Angular and Database Access : Proper Practices

Question

I get the general idea at this point, angular.js is client-side, so any attempts to do database communication is done via initiating get/post requests to a server-side script on the server (via node, php, asp.net, whatever you're using)...

Only thing I haven't been able to determine is what's the proper practice for this in both conventions/security : do you make specialized pages for many of your particular queries, or 1 to a few general purpose pages that run whatever passed in as parameters. That latter option seems like a security nightmare but at the same time making a page for each table's select,insert,update, etc also seems nonviable.

To be clear and try and focus this back to a single question, it feels like I'm missing a concept here.

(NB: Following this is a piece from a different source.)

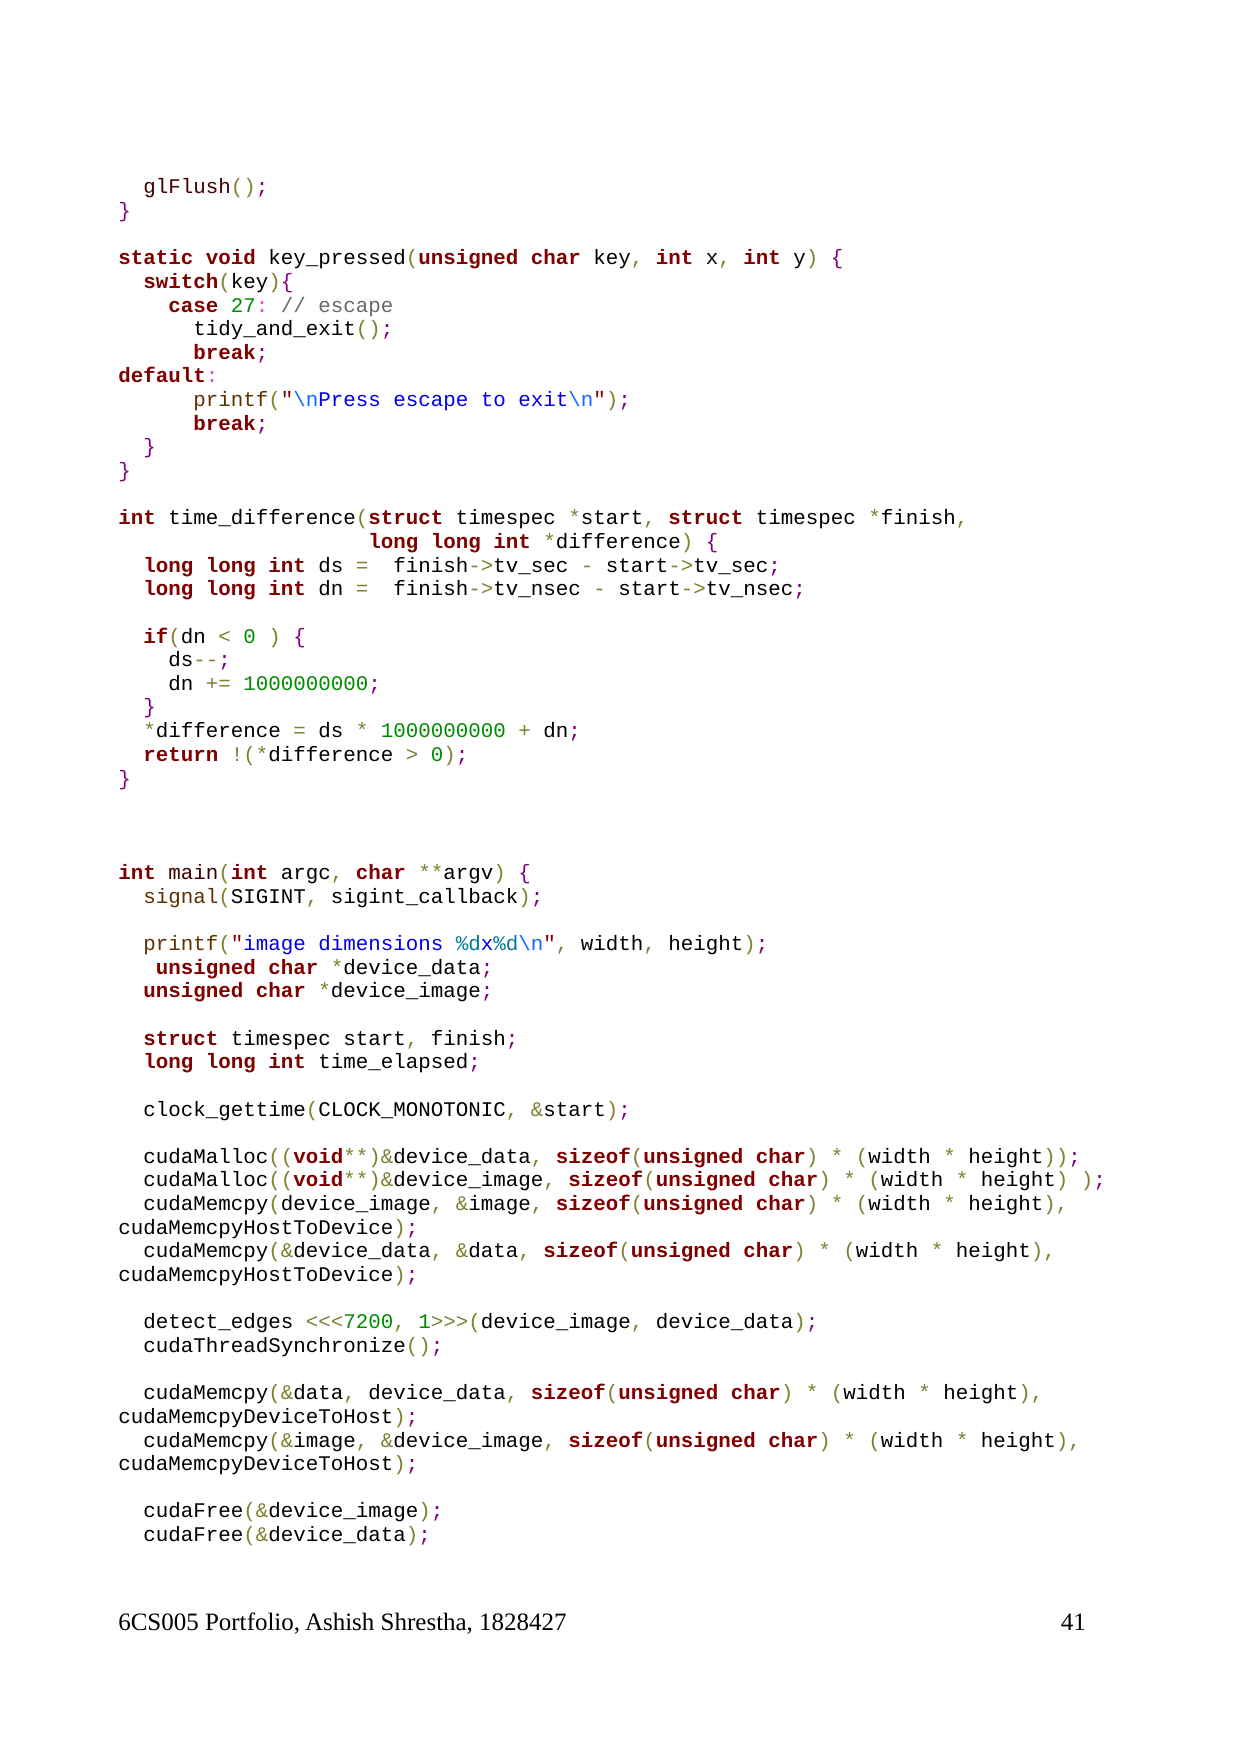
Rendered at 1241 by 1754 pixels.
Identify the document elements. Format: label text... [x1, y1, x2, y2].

How do you structure the database calls for an angular.js application?

Answer 1

From a security standpoint it isn't very different than a traditional web app. Your web server sends and receives json (most likely) instead of html. This means using something like rails-api instead of full rails. It's best to think of your Angular app as completely disconnected from your web server like an Android or iOS app is.

You might use token based authentication instead of cookies (nothing would preclude you from using token based auth in a traditional web app but I wouldn't say it's commonplace in traditional web apps). Other than that any concepts that apply to securing a traditional web application apply to securing an API.

Answer 2

What database do you use? Structure depends on the app you're building and if DB is relational or not. It's a strategic question, for example it may be better to have nested documents, or not.